(Un) Happy Holidays

Updated: Jan 14, 2019



I used to love Christmas.


I would go all out and decorate every room of my house down to bedding. My Christmas tree was decorated in a different theme every year. I loved Christmas music and time spent with family. I enjoyed the mess made by opened presents. I loved the candlelight church services.


I enjoyed watching Christmas movies and cuddling on the couch while a fire roared in the fireplace. I loved baking and making homemade fudge. I loved making Christmas wreaths and holiday crafts as gifts for my friends and family. Exchanging gifts was so special. It truly was the most wonderful time of the year for me.


Then I met my ex-husband.


I remember our first Christmas together as a married couple like it was yesterday. I pulled my decorations down from the attic and decorated the house while he was at work to surprise him. I was so excited to turn our home into a Christmas wonderland for him and to spend our very first Christmas together.


We had never discussed Christmas decorating while dating and he was always very laid back, so I assumed he would be great with whatever decorations I put up. Especially since I was the only one who even owned any Christmas decorations. When I married him, he literally had nothing and moved into my house with only the clothes on his back.


I bought us both fun, personalized reindeer stockings and some novelty newlywed ornaments as a surprise. I hung the stockings together over the fireplace and left the ornaments on the coffee table for us to hang on the tree together. I was so excited to have his stocking next to mine! Excited to be man and wife. Excited that one day there would possibly be more stockings and ornaments to hang as our little family grew.


I was still in the giddy honeymoon-phase at that point as we had only been married a few short months. We'd had a few bumps in the road, but nothing we couldn't handle. After all, we were so in love... Right?


I wrapped a few of his presents that I had saved up for and put them under the tree. I lit some fragrant holiday candles, put dinner in the oven and waited for him to come home from work.


I was sitting on the couch watching a movie when he arrived home. He walked in, looked around the living room, rolled his eyes and stomped angrily back to the bedroom. I was taken aback. That was not the reaction I had anticipated.


He walked back into the living room a few minutes later and made his anger about the decorations known. He told me he hated multi-colored tree decorations and ornaments and then raged that the house looked gaudy. He hated that my Christmas tree had white lights instead of colorful blinking lights. My head was spinning. He made no sense. I thought he just said he hated colorful decorations?

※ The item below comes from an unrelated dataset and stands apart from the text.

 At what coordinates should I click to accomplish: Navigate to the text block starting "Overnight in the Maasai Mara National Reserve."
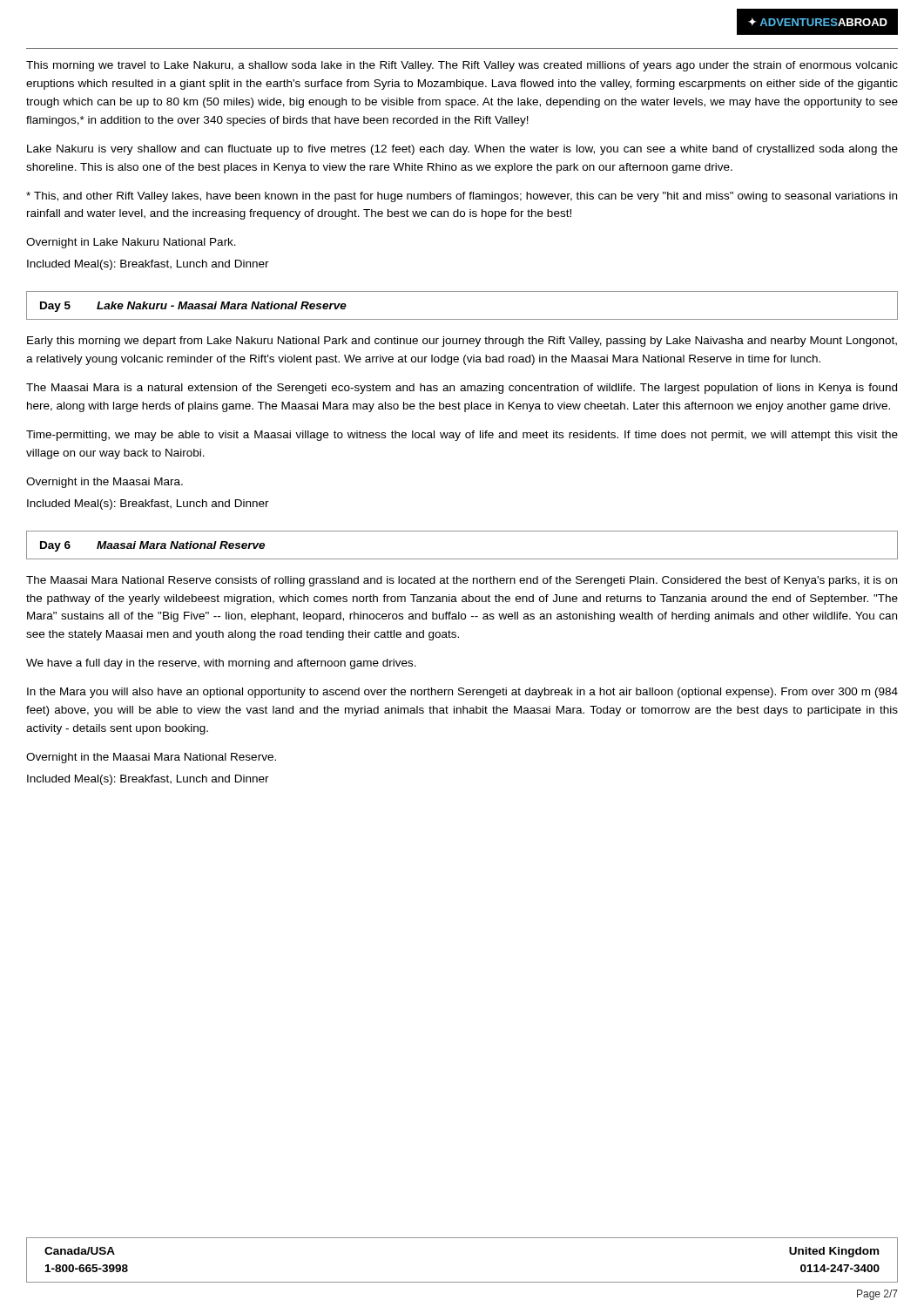click(x=152, y=757)

The personalized stockings I had made for us were hideous. He demanded I take them down. Immediately. He didn't want anyone to see them. They were an embarrassment. He demanded plain, fuzzy red and white stockings and I was to use nothing else from then on. No more reindeer nonsense.


I remember holding back the tears. I apologized and told him I was only trying to surprise him. He would not accept my apology. He only glared at me and gave me my first ever taste of his favorite submission tactic, the silent treatment.


I didn't understand how I could have messed up so badly. I truly had good intentions! I spent the rest of the evening apologizing over and over for my mistake. Begging for his forgiveness.


How could I decorate without asking for his input? How selfish of me! I felt like an idiot. The silent treatment lasted the rest of the evening and he stayed as far away from me as humanly possibly in our tiny house, sitting on the sofa in the living room until I had cried myself to sleep in our bedroom.


While he was at work the next day, I took down most of the decorations and threw our new stockings in a box, never to be used again. I removed every ornament that wasn't red, gold, or silver from the tree and put them back in their storage containers, then back into the attic. I felt ashamed that I had done something so incredibly dumb. I was already failing horribly at this wife thing.


I remember him opening his presents a few days later on Christmas morning. He was thrilled with all the presents I had bought him. I went overkill and spent more than I should have, but I wanted him to be happy.


He was excited that I had filled his fluffy red and white stocking with goodies. I was relieved he was satisfied with his gifts because, to be honest, I was worried he would find a reason to be angry with me and I desperately wanted to make up for my foolishness of decorating the house without his approval.


Our first Christmas together was also the first of what I now refer to as my 'Annual Holiday Punishment'. My stocking hung empty over the fire place. Under the tree was one tiny package for me, not even wrapped. A small green bow stuck to the original, damaged box. It was cheap iPod holder for my car from Walgreens.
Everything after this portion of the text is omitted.